━━━━━ Input material ━━━━━
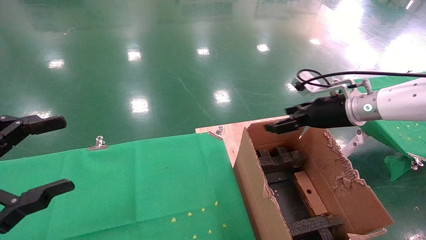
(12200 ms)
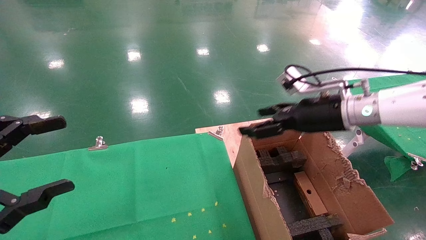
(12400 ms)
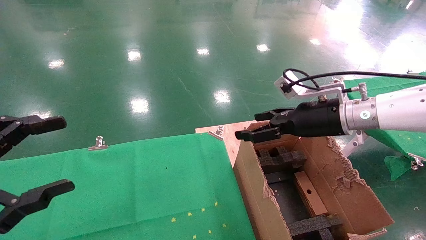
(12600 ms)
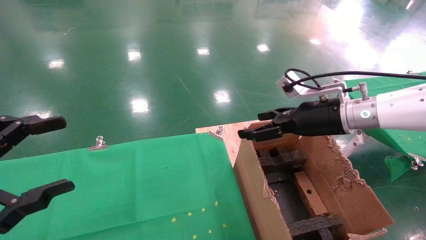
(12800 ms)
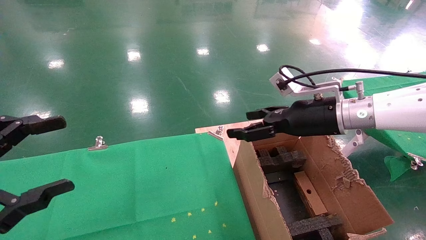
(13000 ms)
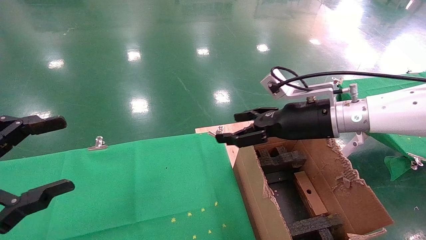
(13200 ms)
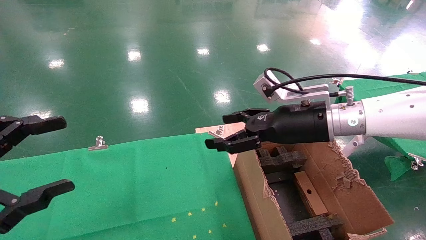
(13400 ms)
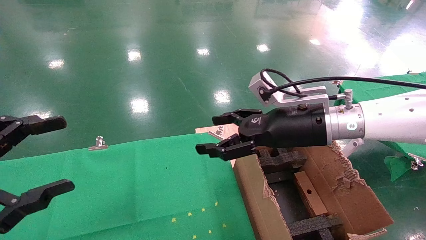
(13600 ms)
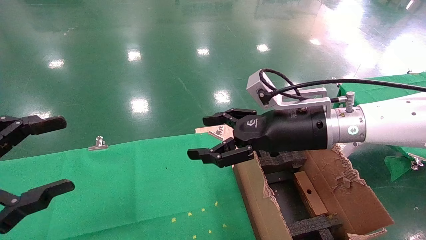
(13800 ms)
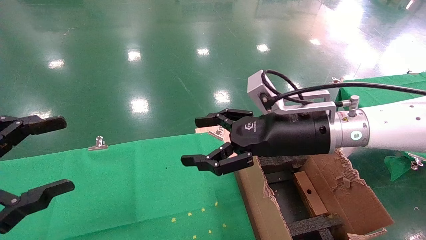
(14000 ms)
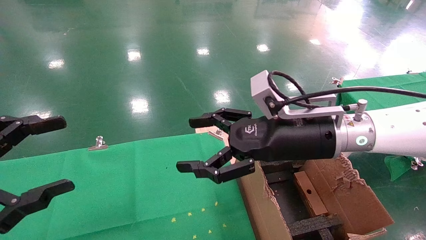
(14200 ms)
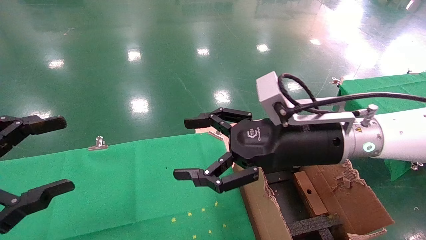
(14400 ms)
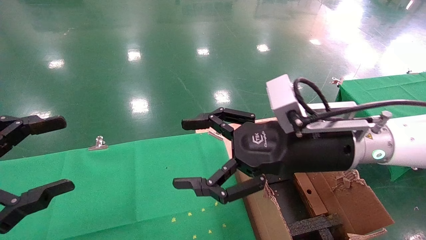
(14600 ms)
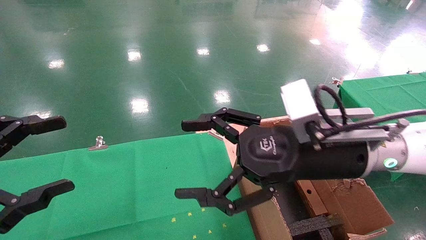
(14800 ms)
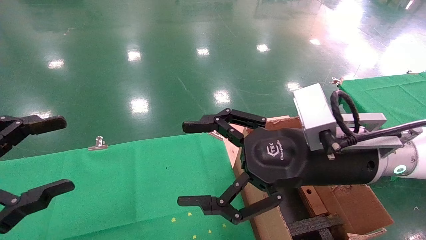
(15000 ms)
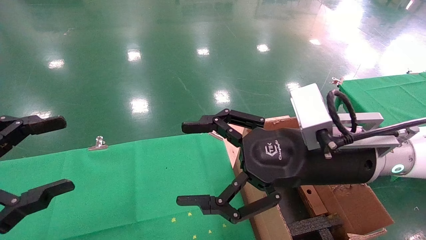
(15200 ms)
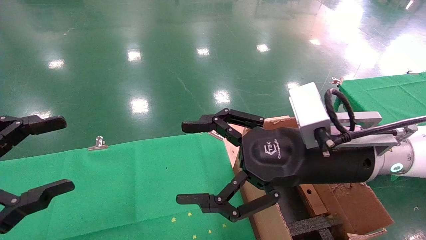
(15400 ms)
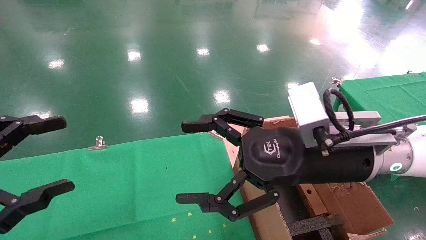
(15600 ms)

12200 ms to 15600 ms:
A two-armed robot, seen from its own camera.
Task of the whole recording: using a robotic arm to pick up a cardboard box and palace it the carton.
12200 ms to 13800 ms: The right gripper moves to the left and backward, about 15 cm.
13800 ms to 15600 ms: The right gripper moves backward, roughly 10 cm.

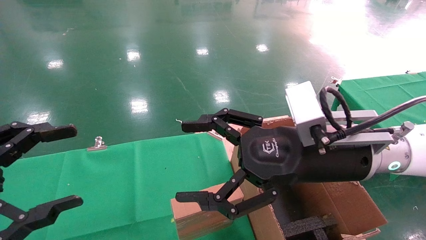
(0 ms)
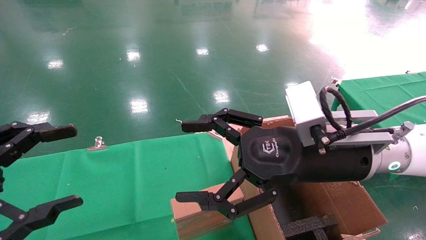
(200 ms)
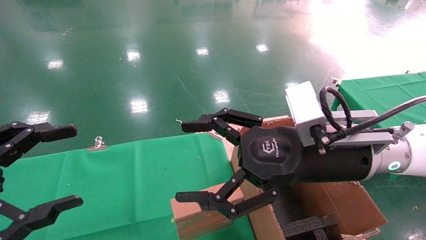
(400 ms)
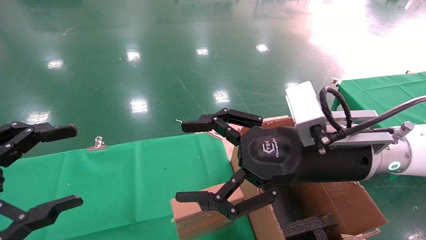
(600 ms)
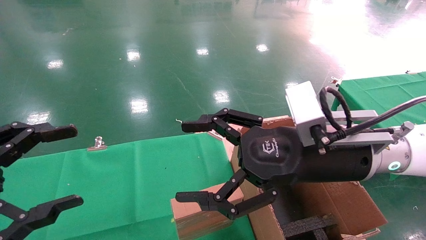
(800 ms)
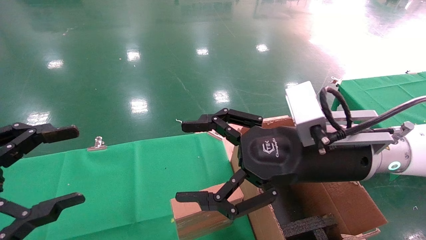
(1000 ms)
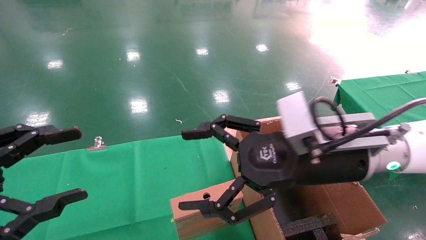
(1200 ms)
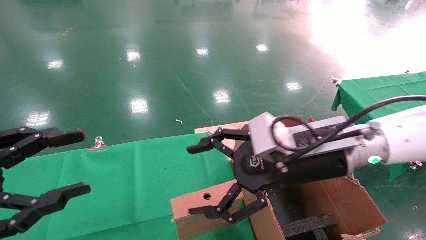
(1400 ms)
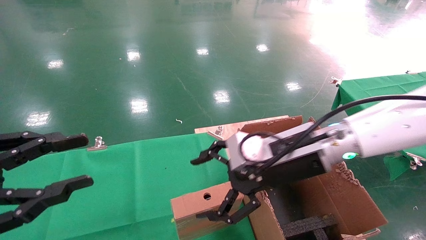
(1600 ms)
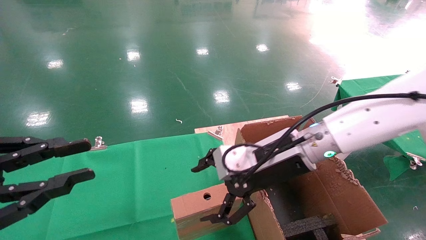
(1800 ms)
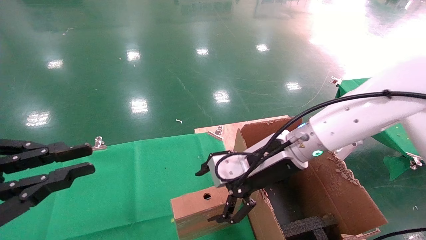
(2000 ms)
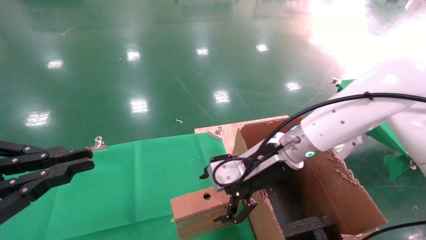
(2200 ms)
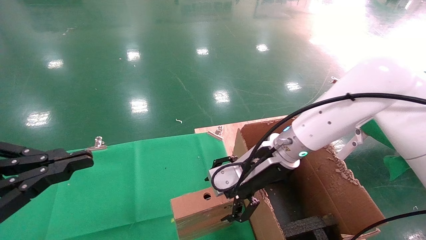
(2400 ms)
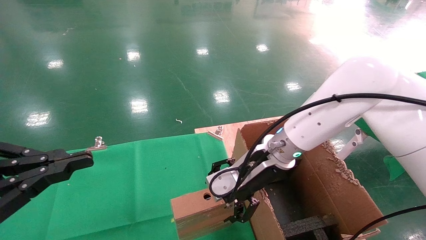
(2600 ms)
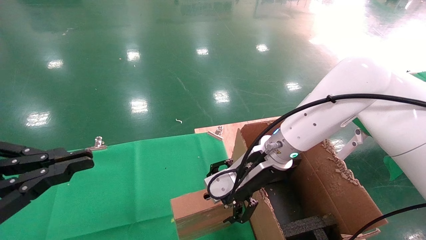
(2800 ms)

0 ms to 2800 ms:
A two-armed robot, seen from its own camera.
Task of the whole recording: using a robotic arm to pick up a cardboard box and palace it the carton.
1400 ms to 2800 ms: The left gripper closes. Meanwhile the right gripper travels forward by roughly 10 cm.
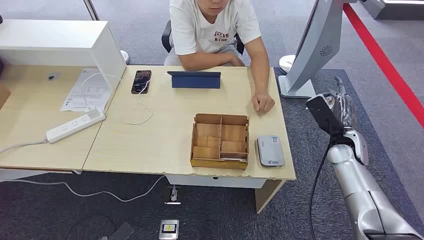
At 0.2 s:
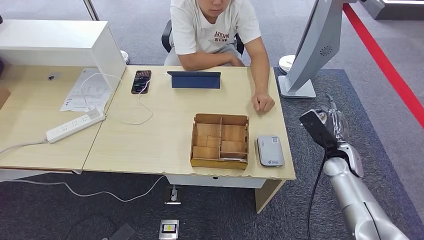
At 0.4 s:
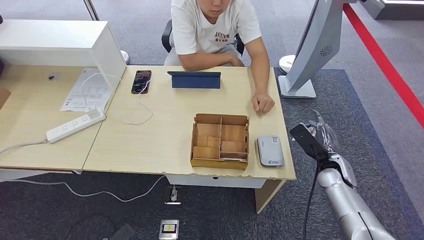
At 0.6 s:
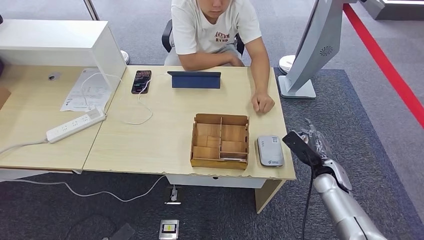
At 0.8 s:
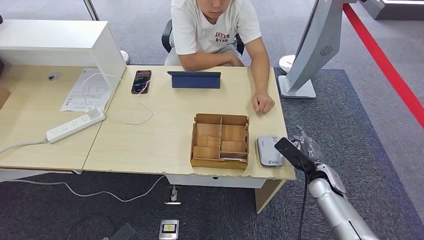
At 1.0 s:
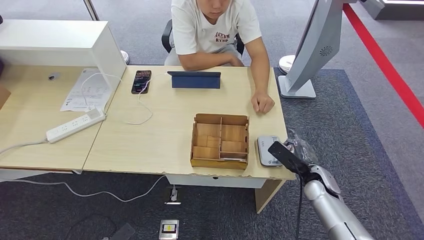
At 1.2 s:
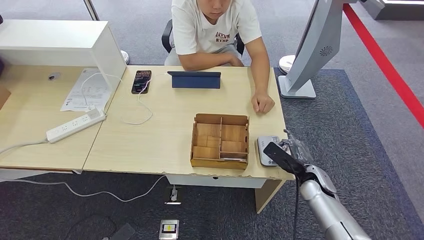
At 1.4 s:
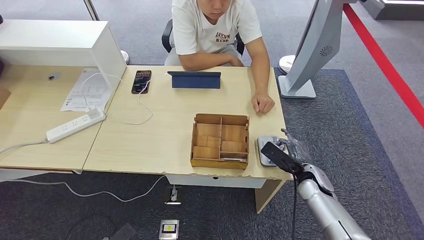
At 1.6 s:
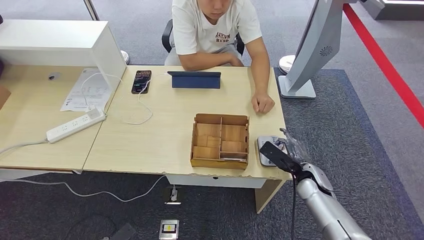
━━━━━
Please repeat every record exactly, leaving the pictures out.

(Written response):
(12200 ms)
(12400 ms)
(12600 ms)
(12800 ms)
(13000 ms)
(13200 ms)
(13400 ms)
(13600 ms)
(13800 ms)
(14000 ms)
(14200 ms)
(14400 ms)
(14600 ms)
(14800 ms)
(15000 ms)
(15200 ms)
(15400 ms)
(15600 ms)

12200 ms to 15600 ms:
A two-armed robot, seen from its own camera.
Task of the whole recording: using a robotic arm to pick up a cardboard box and palace it the carton.
12200 ms to 13800 ms: The right gripper moves to the left and backward, about 15 cm.
13800 ms to 15600 ms: The right gripper moves backward, roughly 10 cm.

(0 ms)
(200 ms)
(400 ms)
(600 ms)
(800 ms)
(1000 ms)
(1200 ms)
(1400 ms)
(1600 ms)
(1800 ms)
(2000 ms)
(2200 ms)
(2400 ms)
(2600 ms)
(2800 ms)

0 ms to 2800 ms:
A two-armed robot, seen from its own camera.
Task of the whole recording: using a robotic arm to pick up a cardboard box and palace it the carton.
1400 ms to 2800 ms: The left gripper closes. Meanwhile the right gripper travels forward by roughly 10 cm.
At 0.2 s:
At 0.4 s:
At 0.6 s:
At 0.8 s:
At 1.0 s:
At 1.2 s:
At 1.4 s:
At 1.6 s:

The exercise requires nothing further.